M. François Jolivet alerte M. le ministre d’État, ministre de la transition écologique et solidaire, sur les conditions d’éligibilité de la prime à la conversion, mesure destinée à soutenir les Français qui souhaitent changer leur véhicule ancien par un véhicule plus propre.

Il rappelle que la prime à la conversion « remaniée » est entrée en vigueur le 1er janvier 2019, et peut aller jusqu’à 4 000 euros pour l’achat d’un véhicule thermique neuf ou d’occasion.

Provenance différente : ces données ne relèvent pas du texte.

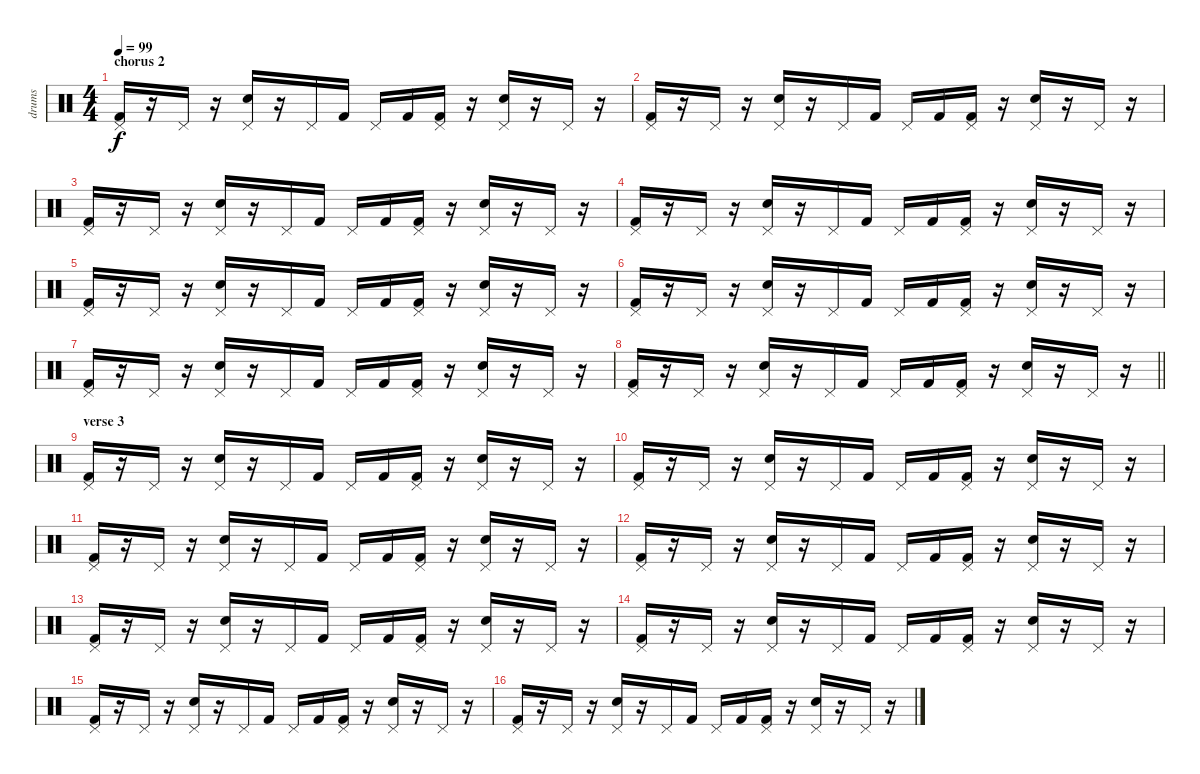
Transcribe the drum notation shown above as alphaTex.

\track ("drums" "drums") {instrument percussion}
\staff {score}
\articulation defaults
\ts (4 4)
\section ("" "chorus 2")
\tempo 99
\clef neutral
\ks c
("Kick (hit) 2" "Pedal Hi-Hat (hit)").16{dy f} r.16 "Pedal Hi-Hat (hit)".16 r.16 ("Snare (hit) 2" "Pedal Hi-Hat (hit)").16 r.16 "Pedal Hi-Hat (hit)".16 "Kick (hit) 2".16 "Pedal Hi-Hat (hit)".16 "Kick (hit) 2".16 ("Kick (hit) 2" "Pedal Hi-Hat (hit)").16 r.16 ("Snare (hit) 2" "Pedal Hi-Hat (hit)").16 r.16 "Pedal Hi-Hat (hit)".16 r.16 |
("Kick (hit) 2" "Pedal Hi-Hat (hit)").16 r.16 "Pedal Hi-Hat (hit)".16 r.16 ("Snare (hit) 2" "Pedal Hi-Hat (hit)").16 r.16 "Pedal Hi-Hat (hit)".16 "Kick (hit) 2".16 "Pedal Hi-Hat (hit)".16 "Kick (hit) 2".16 ("Kick (hit) 2" "Pedal Hi-Hat (hit)").16 r.16 ("Snare (hit) 2" "Pedal Hi-Hat (hit)").16 r.16 "Pedal Hi-Hat (hit)".16 r.16 |
("Kick (hit) 2" "Pedal Hi-Hat (hit)").16 r.16 "Pedal Hi-Hat (hit)".16 r.16 ("Snare (hit) 2" "Pedal Hi-Hat (hit)").16 r.16 "Pedal Hi-Hat (hit)".16 "Kick (hit) 2".16 "Pedal Hi-Hat (hit)".16 "Kick (hit) 2".16 ("Kick (hit) 2" "Pedal Hi-Hat (hit)").16 r.16 ("Snare (hit) 2" "Pedal Hi-Hat (hit)").16 r.16 "Pedal Hi-Hat (hit)".16 r.16 |
("Kick (hit) 2" "Pedal Hi-Hat (hit)").16 r.16 "Pedal Hi-Hat (hit)".16 r.16 ("Snare (hit) 2" "Pedal Hi-Hat (hit)").16 r.16 "Pedal Hi-Hat (hit)".16 "Kick (hit) 2".16 "Pedal Hi-Hat (hit)".16 "Kick (hit) 2".16 ("Kick (hit) 2" "Pedal Hi-Hat (hit)").16 r.16 ("Snare (hit) 2" "Pedal Hi-Hat (hit)").16 r.16 "Pedal Hi-Hat (hit)".16 r.16 |
("Kick (hit) 2" "Pedal Hi-Hat (hit)").16 r.16 "Pedal Hi-Hat (hit)".16 r.16 ("Snare (hit) 2" "Pedal Hi-Hat (hit)").16 r.16 "Pedal Hi-Hat (hit)".16 "Kick (hit) 2".16 "Pedal Hi-Hat (hit)".16 "Kick (hit) 2".16 ("Kick (hit) 2" "Pedal Hi-Hat (hit)").16 r.16 ("Snare (hit) 2" "Pedal Hi-Hat (hit)").16 r.16 "Pedal Hi-Hat (hit)".16 r.16 |
("Kick (hit) 2" "Pedal Hi-Hat (hit)").16 r.16 "Pedal Hi-Hat (hit)".16 r.16 ("Snare (hit) 2" "Pedal Hi-Hat (hit)").16 r.16 "Pedal Hi-Hat (hit)".16 "Kick (hit) 2".16 "Pedal Hi-Hat (hit)".16 "Kick (hit) 2".16 ("Kick (hit) 2" "Pedal Hi-Hat (hit)").16 r.16 ("Snare (hit) 2" "Pedal Hi-Hat (hit)").16 r.16 "Pedal Hi-Hat (hit)".16 r.16 |
("Kick (hit) 2" "Pedal Hi-Hat (hit)").16 r.16 "Pedal Hi-Hat (hit)".16 r.16 ("Snare (hit) 2" "Pedal Hi-Hat (hit)").16 r.16 "Pedal Hi-Hat (hit)".16 "Kick (hit) 2".16 "Pedal Hi-Hat (hit)".16 "Kick (hit) 2".16 ("Kick (hit) 2" "Pedal Hi-Hat (hit)").16 r.16 ("Snare (hit) 2" "Pedal Hi-Hat (hit)").16 r.16 "Pedal Hi-Hat (hit)".16 r.16 |
\barLineRight lightlight
("Kick (hit) 2" "Pedal Hi-Hat (hit)").16 r.16 "Pedal Hi-Hat (hit)".16 r.16 ("Snare (hit) 2" "Pedal Hi-Hat (hit)").16 r.16 "Pedal Hi-Hat (hit)".16 "Kick (hit) 2".16 "Pedal Hi-Hat (hit)".16 "Kick (hit) 2".16 ("Kick (hit) 2" "Pedal Hi-Hat (hit)").16 r.16 ("Snare (hit) 2" "Pedal Hi-Hat (hit)").16 r.16 "Pedal Hi-Hat (hit)".16 r.16 |
\section ("" "verse 3")
("Kick (hit) 2" "Pedal Hi-Hat (hit)").16 r.16 "Pedal Hi-Hat (hit)".16 r.16 ("Snare (hit) 2" "Pedal Hi-Hat (hit)").16 r.16 "Pedal Hi-Hat (hit)".16 "Kick (hit) 2".16 "Pedal Hi-Hat (hit)".16 "Kick (hit) 2".16 ("Kick (hit) 2" "Pedal Hi-Hat (hit)").16 r.16 ("Snare (hit) 2" "Pedal Hi-Hat (hit)").16 r.16 "Pedal Hi-Hat (hit)".16 r.16 |
("Kick (hit) 2" "Pedal Hi-Hat (hit)").16 r.16 "Pedal Hi-Hat (hit)".16 r.16 ("Snare (hit) 2" "Pedal Hi-Hat (hit)").16 r.16 "Pedal Hi-Hat (hit)".16 "Kick (hit) 2".16 "Pedal Hi-Hat (hit)".16 "Kick (hit) 2".16 ("Kick (hit) 2" "Pedal Hi-Hat (hit)").16 r.16 ("Snare (hit) 2" "Pedal Hi-Hat (hit)").16 r.16 "Pedal Hi-Hat (hit)".16 r.16 |
("Kick (hit) 2" "Pedal Hi-Hat (hit)").16 r.16 "Pedal Hi-Hat (hit)".16 r.16 ("Snare (hit) 2" "Pedal Hi-Hat (hit)").16 r.16 "Pedal Hi-Hat (hit)".16 "Kick (hit) 2".16 "Pedal Hi-Hat (hit)".16 "Kick (hit) 2".16 ("Kick (hit) 2" "Pedal Hi-Hat (hit)").16 r.16 ("Snare (hit) 2" "Pedal Hi-Hat (hit)").16 r.16 "Pedal Hi-Hat (hit)".16 r.16 |
("Kick (hit) 2" "Pedal Hi-Hat (hit)").16 r.16 "Pedal Hi-Hat (hit)".16 r.16 ("Snare (hit) 2" "Pedal Hi-Hat (hit)").16 r.16 "Pedal Hi-Hat (hit)".16 "Kick (hit) 2".16 "Pedal Hi-Hat (hit)".16 "Kick (hit) 2".16 ("Kick (hit) 2" "Pedal Hi-Hat (hit)").16 r.16 ("Snare (hit) 2" "Pedal Hi-Hat (hit)").16 r.16 "Pedal Hi-Hat (hit)".16 r.16 |
("Kick (hit) 2" "Pedal Hi-Hat (hit)").16 r.16 "Pedal Hi-Hat (hit)".16 r.16 ("Snare (hit) 2" "Pedal Hi-Hat (hit)").16 r.16 "Pedal Hi-Hat (hit)".16 "Kick (hit) 2".16 "Pedal Hi-Hat (hit)".16 "Kick (hit) 2".16 ("Kick (hit) 2" "Pedal Hi-Hat (hit)").16 r.16 ("Snare (hit) 2" "Pedal Hi-Hat (hit)").16 r.16 "Pedal Hi-Hat (hit)".16 r.16 |
("Kick (hit) 2" "Pedal Hi-Hat (hit)").16 r.16 "Pedal Hi-Hat (hit)".16 r.16 ("Snare (hit) 2" "Pedal Hi-Hat (hit)").16 r.16 "Pedal Hi-Hat (hit)".16 "Kick (hit) 2".16 "Pedal Hi-Hat (hit)".16 "Kick (hit) 2".16 ("Kick (hit) 2" "Pedal Hi-Hat (hit)").16 r.16 ("Snare (hit) 2" "Pedal Hi-Hat (hit)").16 r.16 "Pedal Hi-Hat (hit)".16 r.16 |
("Kick (hit) 2" "Pedal Hi-Hat (hit)").16 r.16 "Pedal Hi-Hat (hit)".16 r.16 ("Snare (hit) 2" "Pedal Hi-Hat (hit)").16 r.16 "Pedal Hi-Hat (hit)".16 "Kick (hit) 2".16 "Pedal Hi-Hat (hit)".16 "Kick (hit) 2".16 ("Kick (hit) 2" "Pedal Hi-Hat (hit)").16 r.16 ("Snare (hit) 2" "Pedal Hi-Hat (hit)").16 r.16 "Pedal Hi-Hat (hit)".16 r.16 |
("Kick (hit) 2" "Pedal Hi-Hat (hit)").16 r.16 "Pedal Hi-Hat (hit)".16 r.16 ("Snare (hit) 2" "Pedal Hi-Hat (hit)").16 r.16 "Pedal Hi-Hat (hit)".16 "Kick (hit) 2".16 "Pedal Hi-Hat (hit)".16 "Kick (hit) 2".16 ("Kick (hit) 2" "Pedal Hi-Hat (hit)").16 r.16 ("Snare (hit) 2" "Pedal Hi-Hat (hit)").16 r.16 "Pedal Hi-Hat (hit)".16 r.16

Cette prime est réservée aux Français qui ont un revenu fiscal de référence inférieur ou égal à 6 300 euros par part et pour les personnes non imposables dont le lieu de travail est situé à plus de 30 km de leur domicile.

Un Français habitant à 29,9 km de son lieu de travail ne peut donc pas prétendre la prime à la conversion, malgré le fait que le montant de ses ressources soit compatible avec les conditions d’obtention.

C’est donc un critère purement géographique qui compromet parfois tout le projet de transition écologique des ménages, soucieux dans leur changement de véhicule de contribuer à l’amélioration de la qualité de l’air.

L’objectif du Gouvernement est pourtant bien d’impulser un renouvellement massif du parc automobile pour répondre aux urgences sanitaires et environnementales.

Dans ce cadre, il lui demande de lui indiquer les raisons de ce choix restrictif et de lui indiquer si la suppression de ce critère est envisagée afin d’être en cohérence avec les objectifs affichés de la prime à la conversion.